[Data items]
___
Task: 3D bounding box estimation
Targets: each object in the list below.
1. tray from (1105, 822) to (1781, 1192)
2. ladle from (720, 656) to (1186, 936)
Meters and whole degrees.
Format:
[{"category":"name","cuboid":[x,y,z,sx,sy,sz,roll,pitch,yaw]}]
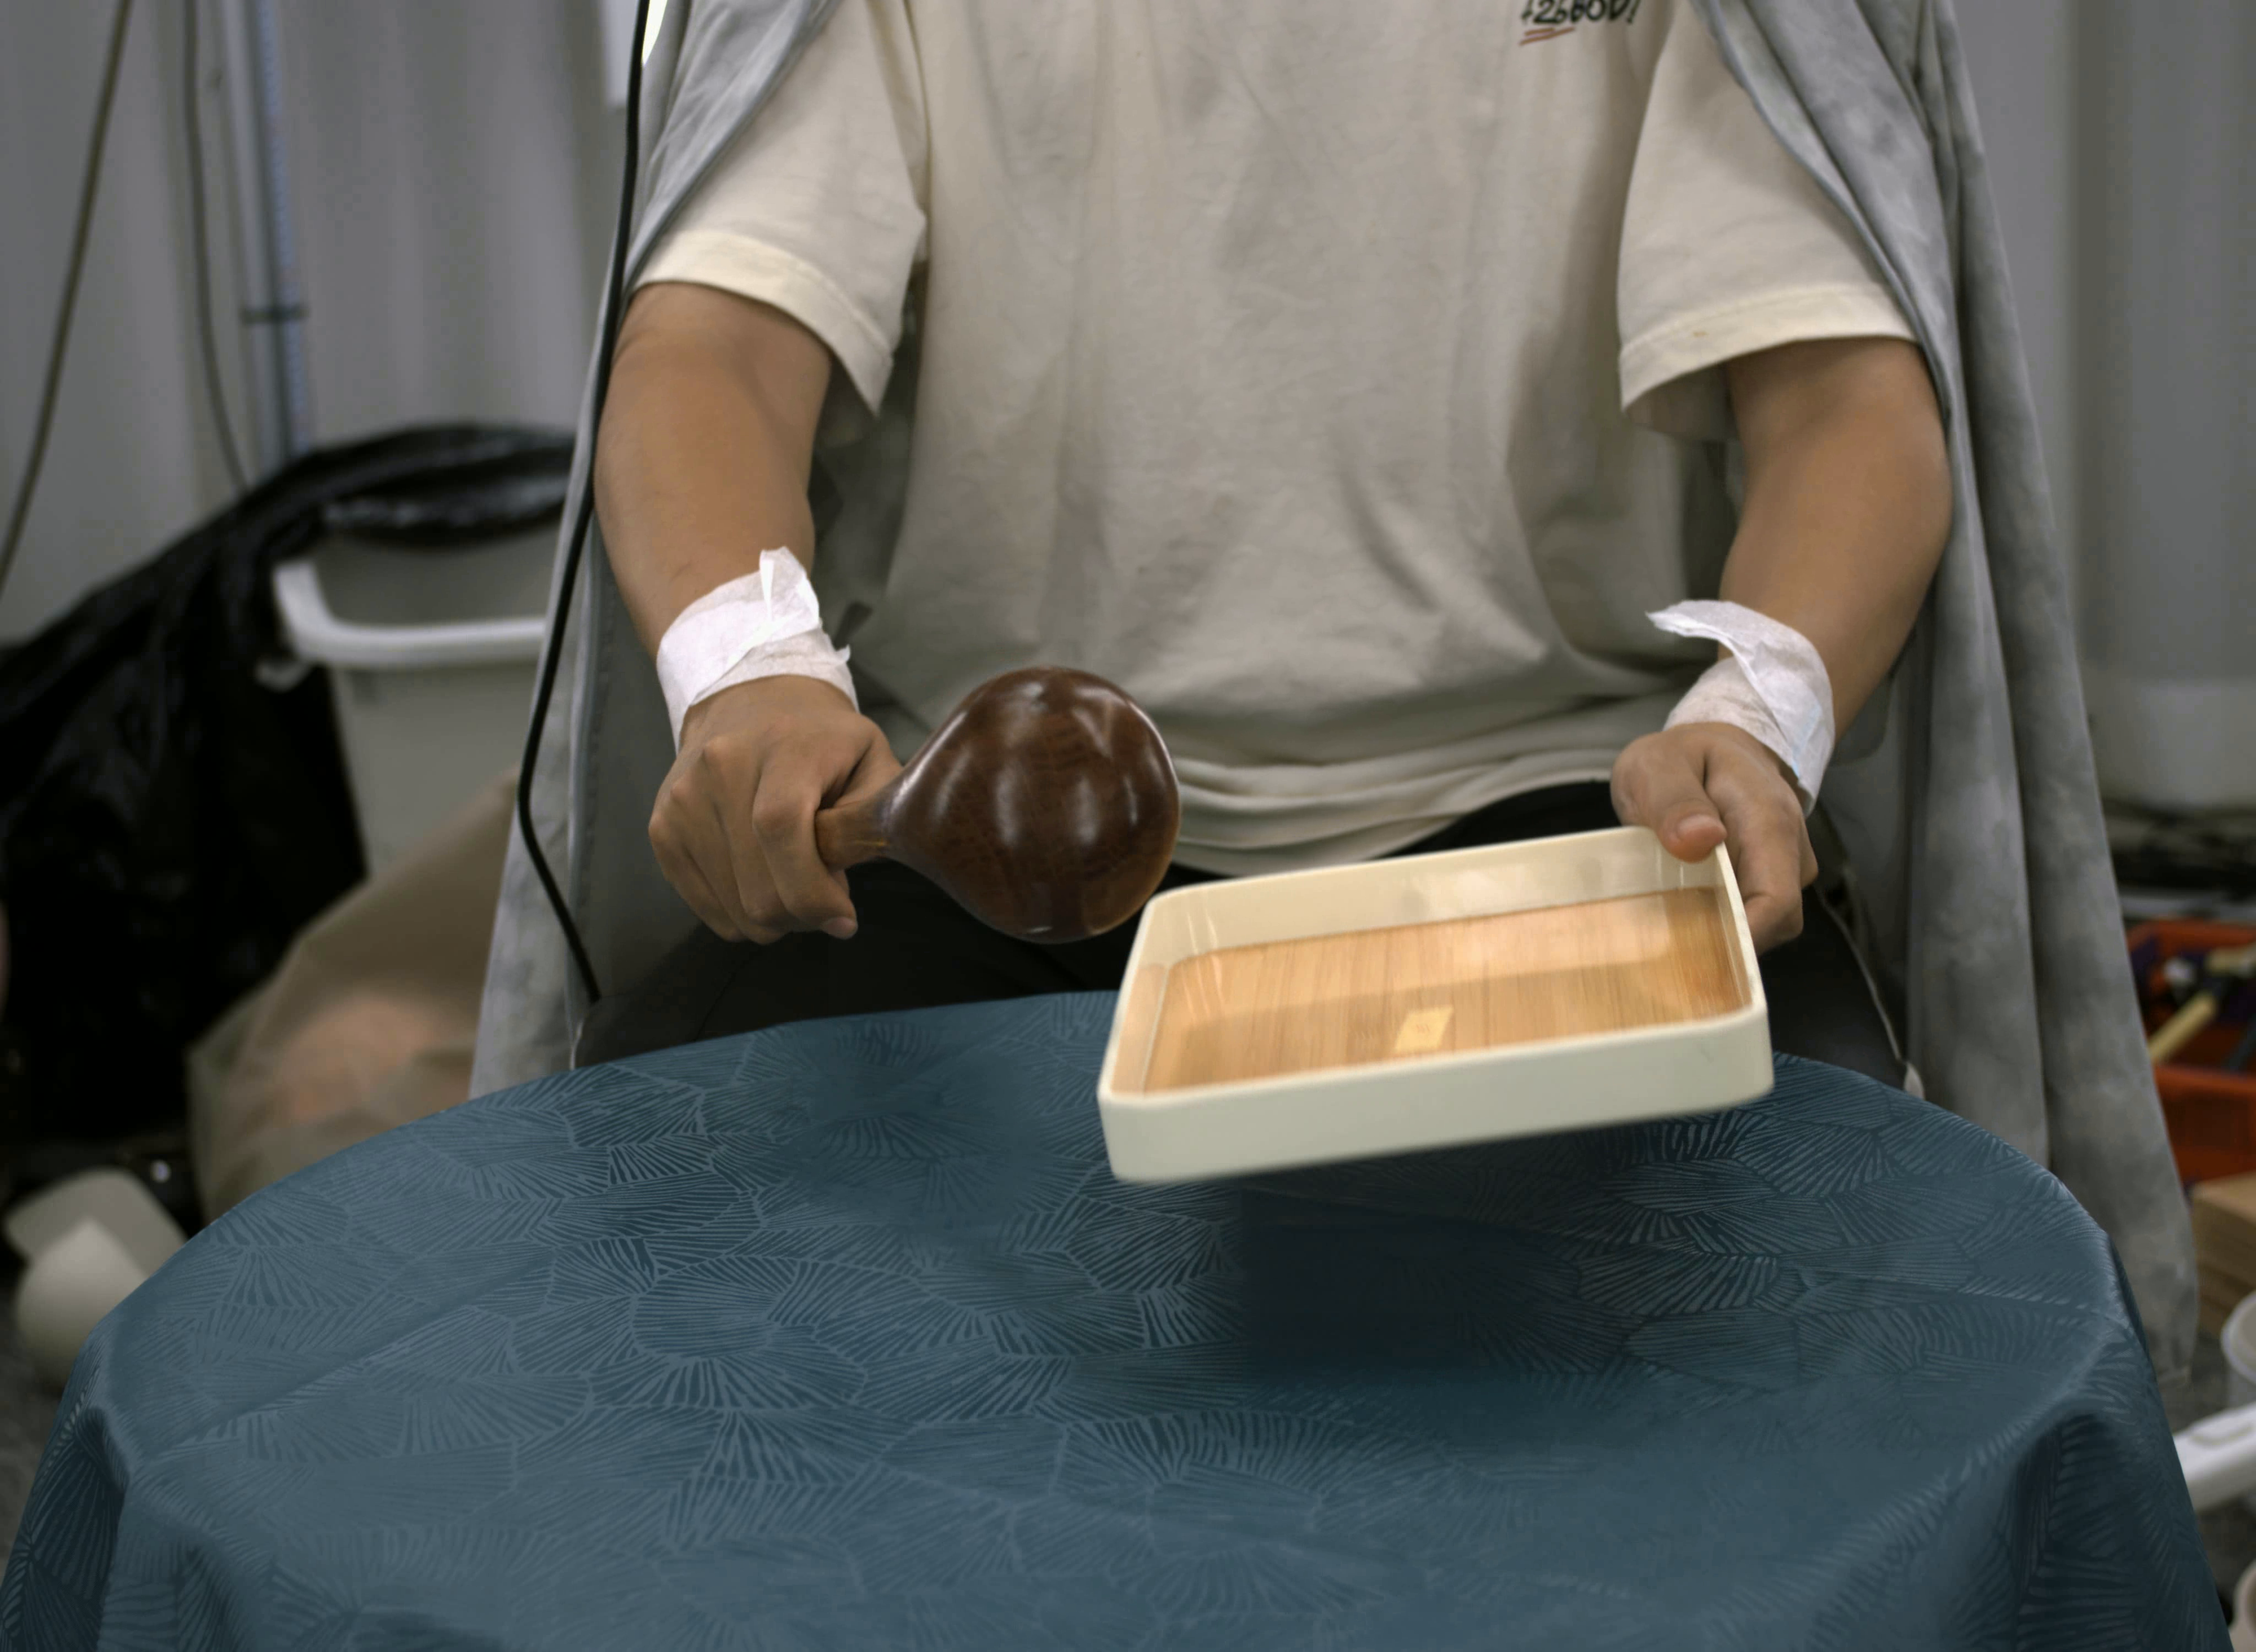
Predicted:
[{"category":"tray","cuboid":[0.095,0.052,1.661,0.191,0.027,0.301,-8,10,5]},{"category":"ladle","cuboid":[-0.057,0.000,1.688,0.076,0.082,0.274,4,-6,-17]}]
___
REQUIREMENT:
Write out word for word every line from the line with "Targets: each object in the list below." through the final line of the records, both included, skipping the pictures.

RESPONSE TO THE EXERCISE:
Targets: each object in the list below.
1. tray from (1105, 822) to (1781, 1192)
2. ladle from (720, 656) to (1186, 936)
Meters and whole degrees.
Format:
[{"category":"name","cuboid":[x,y,z,sx,sy,sz,roll,pitch,yaw]}]
Predicted:
[{"category":"tray","cuboid":[0.095,0.052,1.661,0.191,0.027,0.301,-8,10,5]},{"category":"ladle","cuboid":[-0.057,0.000,1.688,0.076,0.082,0.274,4,-6,-17]}]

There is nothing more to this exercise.